Tschetscheniens maßgeblichster und abscheulichster militanter Führer, Schamil Bassajew, gründete eine spezielle Gruppe namens Rijadus-Salichin (Gärten der Tugendhaften), um Terroranschläge und insbesondere Selbstmordattentate zu organisieren. Die Gruppe bestand aus einem kleinen, aber beständigen Kern von Rekrutierern, während gewöhnliche Mitglieder jedoch in rascher Folge verheizt wurden und in den Flammen der Selbstmordexplosionen verdampften.
Trotz all dieser gewalttätigen "Kreativität" war die Situation für die Terroristen schwierig. Sie verloren im Guerillakrieg allmählich an Boden, ihre Reihen wurden zusehends dezimiert, und kleinere Untergruppen fielen dadurch vollständig auseinander. Alles, was ihnen blieb, war Terroranschläge zu verüben, um die Öffentlichkeit psychologisch zu brechen und Moskau dazu zu bringen, mit ihnen zu verhandeln.

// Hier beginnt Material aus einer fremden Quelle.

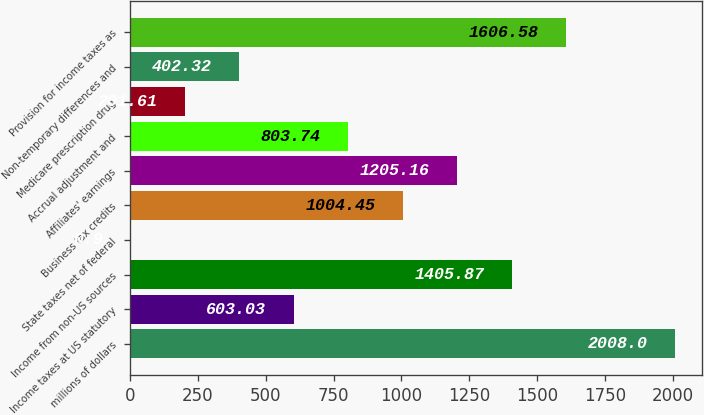Convert chart. <chart><loc_0><loc_0><loc_500><loc_500><bar_chart><fcel>millions of dollars<fcel>Income taxes at US statutory<fcel>Income from non-US sources<fcel>State taxes net of federal<fcel>Business tax credits<fcel>Affiliates' earnings<fcel>Accrual adjustment and<fcel>Medicare prescription drug<fcel>Non-temporary differences and<fcel>Provision for income taxes as<nl><fcel>2008<fcel>603.03<fcel>1405.87<fcel>0.9<fcel>1004.45<fcel>1205.16<fcel>803.74<fcel>201.61<fcel>402.32<fcel>1606.58<nl></chart> 
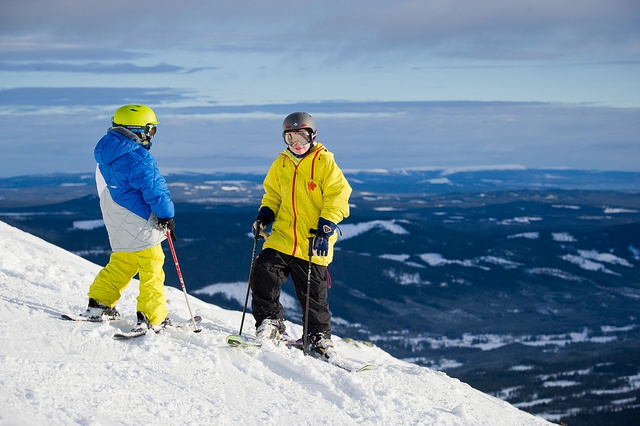Describe the objects in this image and their specific colors. I can see people in gray, black, gold, and olive tones, people in gray, blue, darkgray, olive, and gold tones, skis in gray, lightgray, darkgray, and black tones, and skis in gray, lightgray, darkgray, and beige tones in this image. 
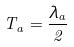<formula> <loc_0><loc_0><loc_500><loc_500>T _ { a } = \frac { \lambda _ { a } } { 2 }</formula> 
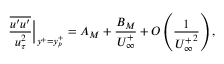<formula> <loc_0><loc_0><loc_500><loc_500>\frac { \overline { { u ^ { \prime } u ^ { \prime } } } } { u _ { \tau } ^ { 2 } } \Big | _ { y ^ { + } = y _ { p } ^ { + } } = A _ { M } + \frac { B _ { M } } { U _ { \infty } ^ { + } } + O \left ( \frac { 1 } { { U _ { \infty } ^ { + } } ^ { 2 } } \right ) ,</formula> 
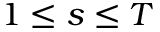Convert formula to latex. <formula><loc_0><loc_0><loc_500><loc_500>1 \leq s \leq T</formula> 
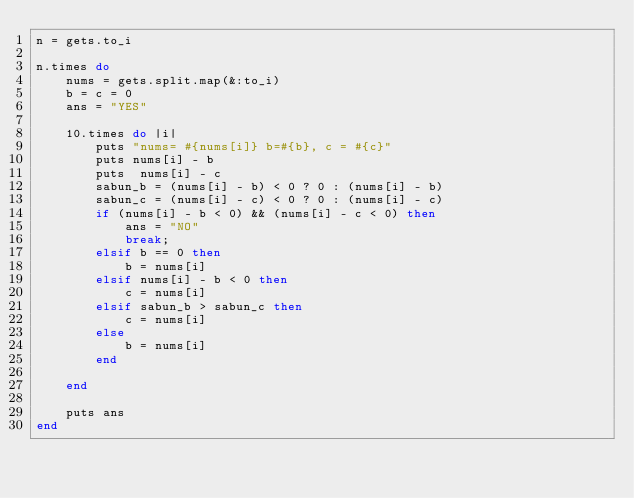<code> <loc_0><loc_0><loc_500><loc_500><_Ruby_>n = gets.to_i

n.times do
    nums = gets.split.map(&:to_i)
    b = c = 0
    ans = "YES"

    10.times do |i|
        puts "nums= #{nums[i]} b=#{b}, c = #{c}"
        puts nums[i] - b
        puts  nums[i] - c
        sabun_b = (nums[i] - b) < 0 ? 0 : (nums[i] - b)
        sabun_c = (nums[i] - c) < 0 ? 0 : (nums[i] - c)
        if (nums[i] - b < 0) && (nums[i] - c < 0) then
            ans = "NO"
            break;
        elsif b == 0 then
            b = nums[i]
        elsif nums[i] - b < 0 then
            c = nums[i]
        elsif sabun_b > sabun_c then
            c = nums[i]
        else
            b = nums[i]
        end
        
    end

    puts ans
end
</code> 
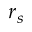Convert formula to latex. <formula><loc_0><loc_0><loc_500><loc_500>r _ { s }</formula> 
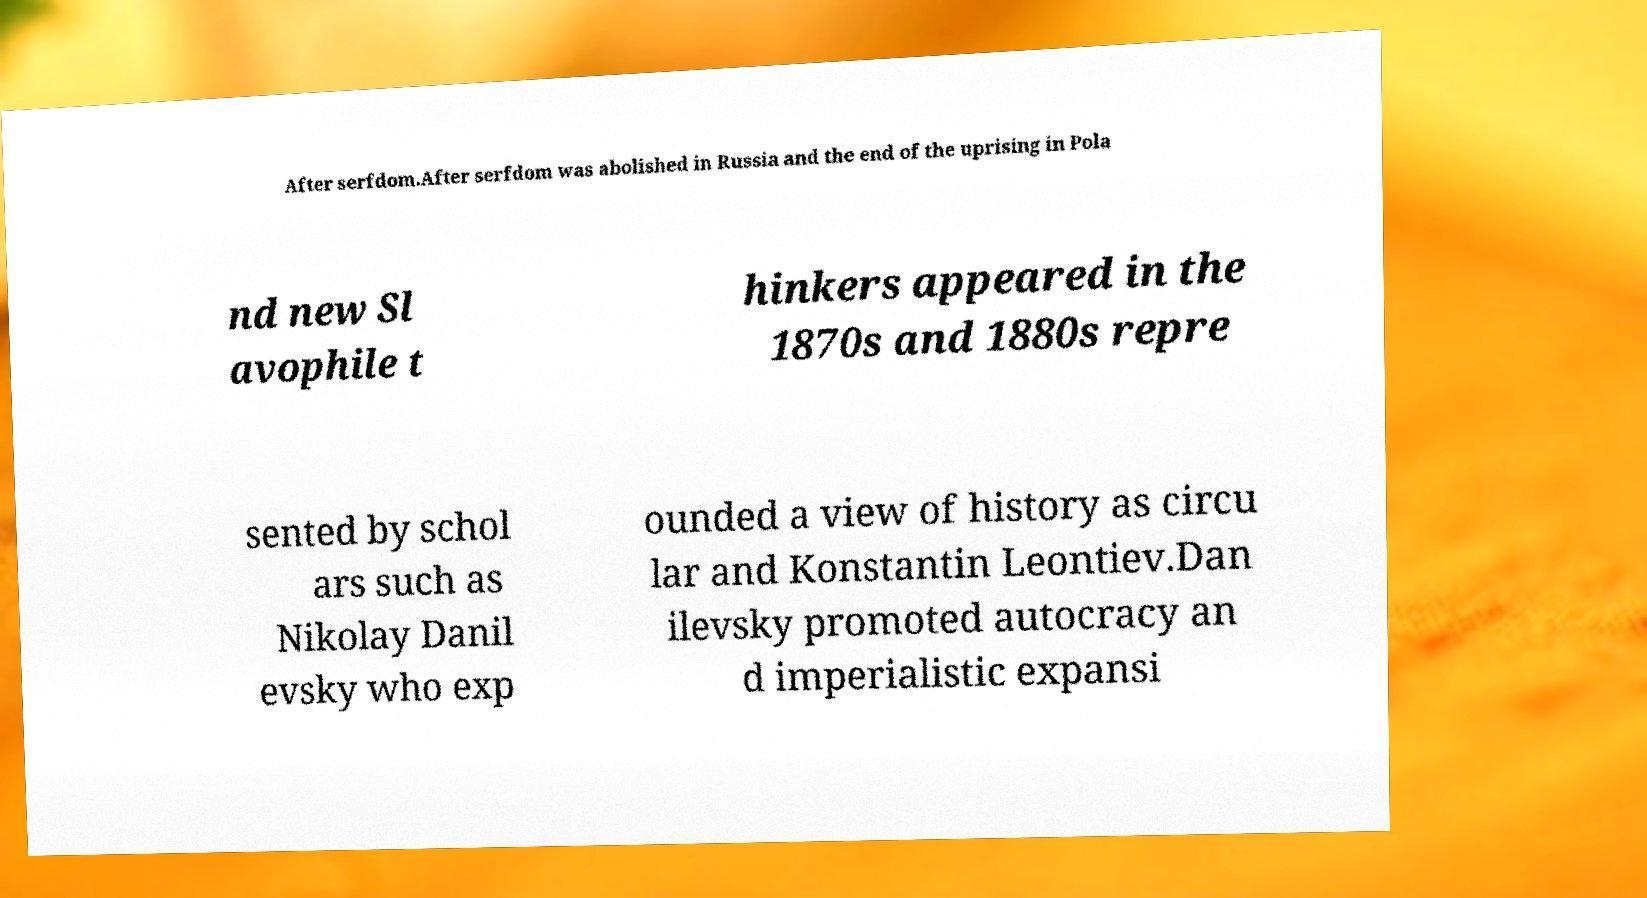Could you extract and type out the text from this image? After serfdom.After serfdom was abolished in Russia and the end of the uprising in Pola nd new Sl avophile t hinkers appeared in the 1870s and 1880s repre sented by schol ars such as Nikolay Danil evsky who exp ounded a view of history as circu lar and Konstantin Leontiev.Dan ilevsky promoted autocracy an d imperialistic expansi 
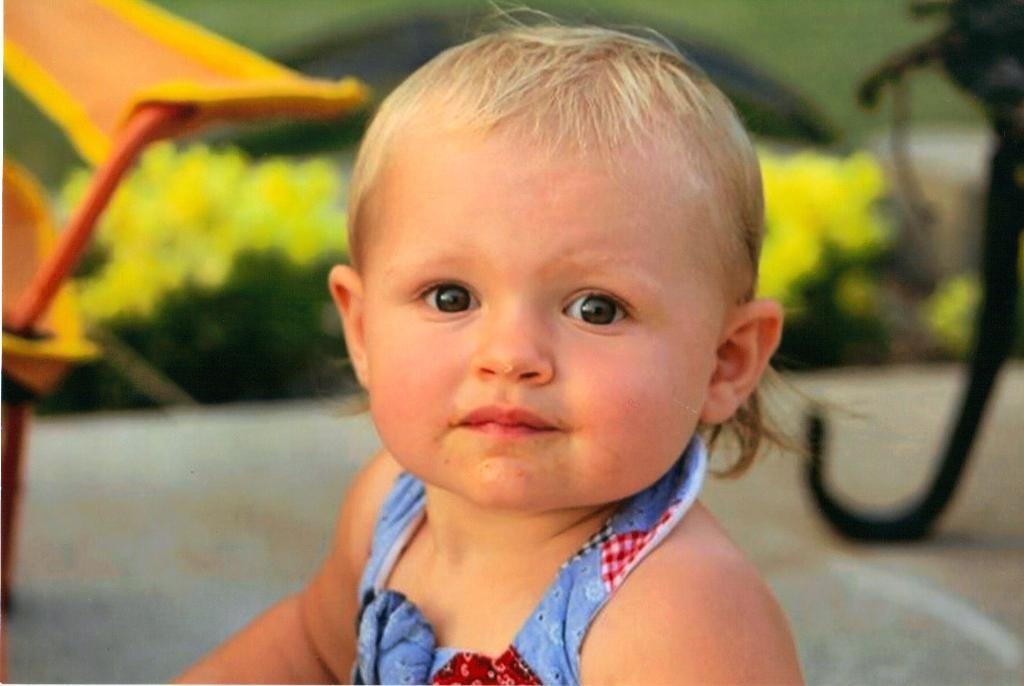What is the main subject of the image? There is a baby in the image. What is the baby doing in the image? The baby is watching something. Can you describe the background of the image? The background of the image has a blurred view. What type of natural elements can be seen in the image? There are plants visible in the image. What else can be seen on the surface in the image? There are objects on the surface in the image. What type of sail can be seen in the image? There is no sail present in the image. Is there a stranger interacting with the baby in the image? There is no stranger present in the image; the baby is watching something, but it is not specified who or what they are watching.

In dieser neuen Phase des Terrors spielten zwei Personen eine Schlüsselrolle. Zum einen war da Schamil Bassajew, ein anerkannter Terroristenführer, der 1995 die größte erfolgreiche Massengeiselnahme durch tschetschenische Militanten in Budjonnowsk organisiert hatte. Damals erfüllte Russland die Forderungen der Terroristen, was es den Militanten ermöglichte, ihre Bewegung vor dem Zusammenbruch zu retten. Und jetzt war das böse Genie von Bassajew gefragt, um einen noch grandioseren Angriff zu planen.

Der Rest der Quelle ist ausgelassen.